This is similar to this dplyr lag post, and this dplyr mutate lag post, but neither of those ask this question about defaulting to the input value. I am using dplyr to mutate a new field that's a lagged offset of another field (that I've converted to POSIXct). The goal is, for a given ip, I'd like to know some summary statistics on the delta between all the times it shows up on my list. I also have about 12 million rows.
The data look like this (prior to mutation)
ip hour snap
192.168.1.2 2017070700 0
192.168.1.2 2017070700 15
192.168.1.4 2017070700 0
192.168.1.4 2017070701 45
192.168.1.4 2017070702 30
192.168.1.7 2017070700 15
'hour' is an integer, but should be a timestamp.
'snap' is one of 4 'snapshot' values that represent 15 minute increments.
Here's the data.frame creation code:
test <- data.frame(ip=c("192.168.1.2","192.168.1.2","192.168.1.4","192.168.1.4","192.168.1.4","192.168.1.7"), hour=c(2017070700,2017070700,2017070700,2017070701,2017070702,2017070700), snap=c(0,15,0,45,30,15))
There are hundreds and sometimes thousands of timestamps per ip. The code below uses dplyr to
- a) pad the 0's with a leading 0,
- b) concat the two integer 'date' fields into one field,
- c) convert merged integer 'date' field to a POSIX date,
- d) group by ip,
- e) mutate a new column that's lagged of the old timestamp by 1 and, if the value is NA, refer back to the original value (THIS IS THE BIT THAT DOESN"T WORK), and
- f) mutate a new column that takes the difference of the current time and the previous time (by ip).
These steps refer to the comments at the end of each line.
timedelta <- test %>%
mutate(snap = formatC(snap, width=2, flag=0)) %>% # a)
mutate(fulldateint = paste(hour, snap, sep="")) %>% # b)
mutate(fulldate = as.POSIXct(strptime(fulldateint, "%Y%m%d%H%M"))) %>% # c)
group_by(ip) %>% # d)
mutate(shifted = dplyr::lag(fulldate, default=fulldate)) %>% # e)
mutate(diff = fulldate-shifted) # f)
After mutation, the data should look like this:
ip hour snap fulldateint fulldate shifted diff
<fctr> <dbl> <chr> <chr> <dttm> <dttm> <time>
1 192.168.1.2 2017070700 00 201707070000 2017-07-07 00:00:00 2017-07-07 00:00:00 0 secs
2 192.168.1.2 2017070700 15 201707070015 2017-07-07 00:15:00 2017-07-07 00:00:00 900 secs
3 192.168.1.4 2017070700 00 201707070000 2017-07-07 00:00:00 2017-07-07 00:00:00 0 secs
4 192.168.1.4 2017070701 45 201707070145 2017-07-07 01:45:00 2017-07-07 00:00:00 6300 secs
5 192.168.1.4 2017070702 30 201707070230 2017-07-07 02:30:00 2017-07-07 01:45:00 2700 secs
6 192.168.1.7 2017070700 15 201707070015 2017-07-07 00:15:00 2017-07-07 00:15:00 0 secs
And if I could get lag to default to its original value, the 'delta-T' would always be 0 when it doesn't have a previous value (which is the desired result).
However, dplyr::lag(fulldate, default=fulldate)
throws the error
Error in mutate_impl(.data, dots) :
Column `shifted` must be length 2 (the group size) or one, not 3
It does work if I use fulldate1, but then I lose the group_by(ip)
result, which is necessary.
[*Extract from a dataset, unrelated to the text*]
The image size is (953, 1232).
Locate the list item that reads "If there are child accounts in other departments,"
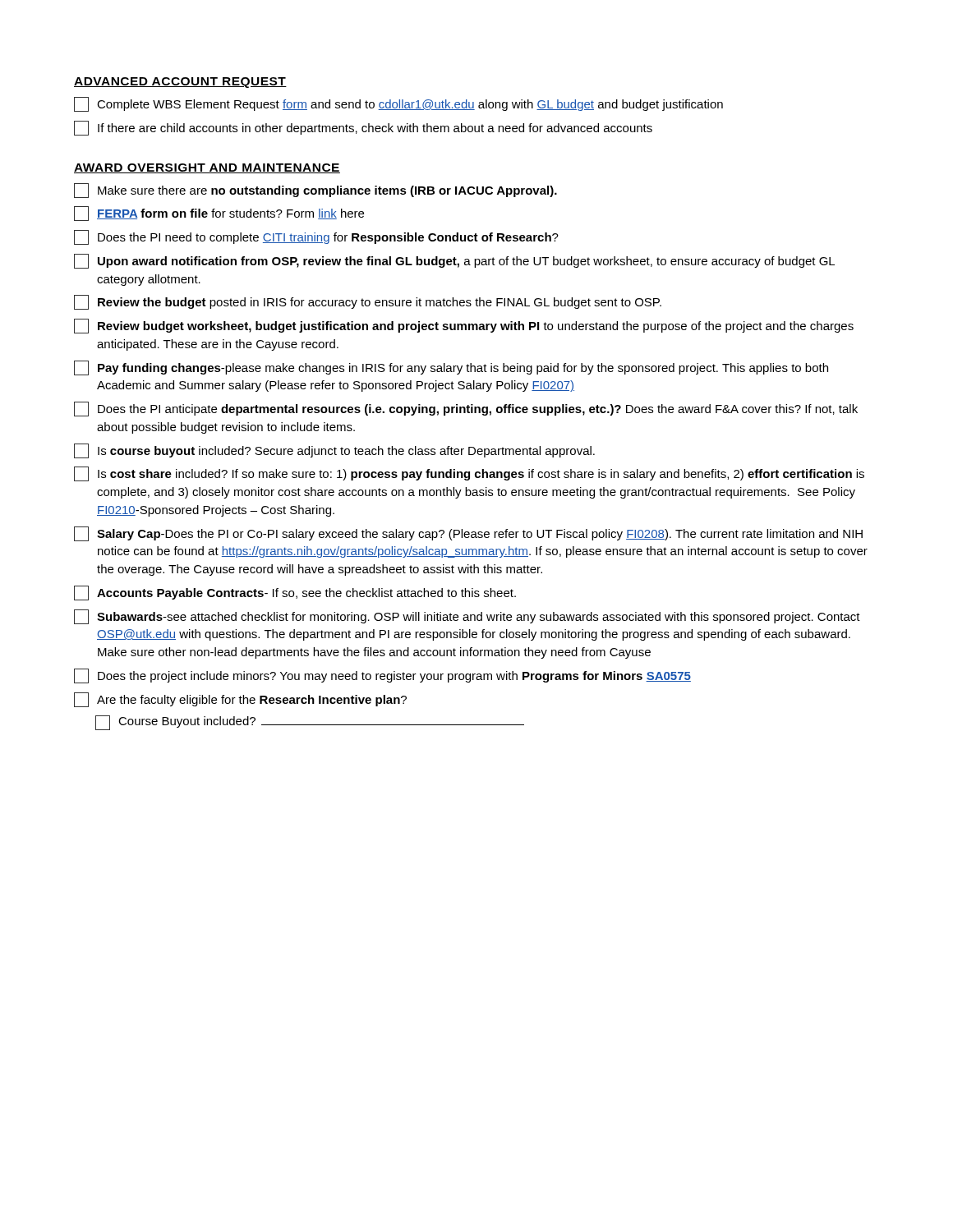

Is it possible to make lag reference its own input within dplyr?
Note: I really would prefer an answer using dplyr and not data.table, if possible, since I've been using dplyr as our primary data munging library, but also since I'd like to suggest to Mr. Wickham that he take this under consideration if it truly has no solution in the existing dplyr library.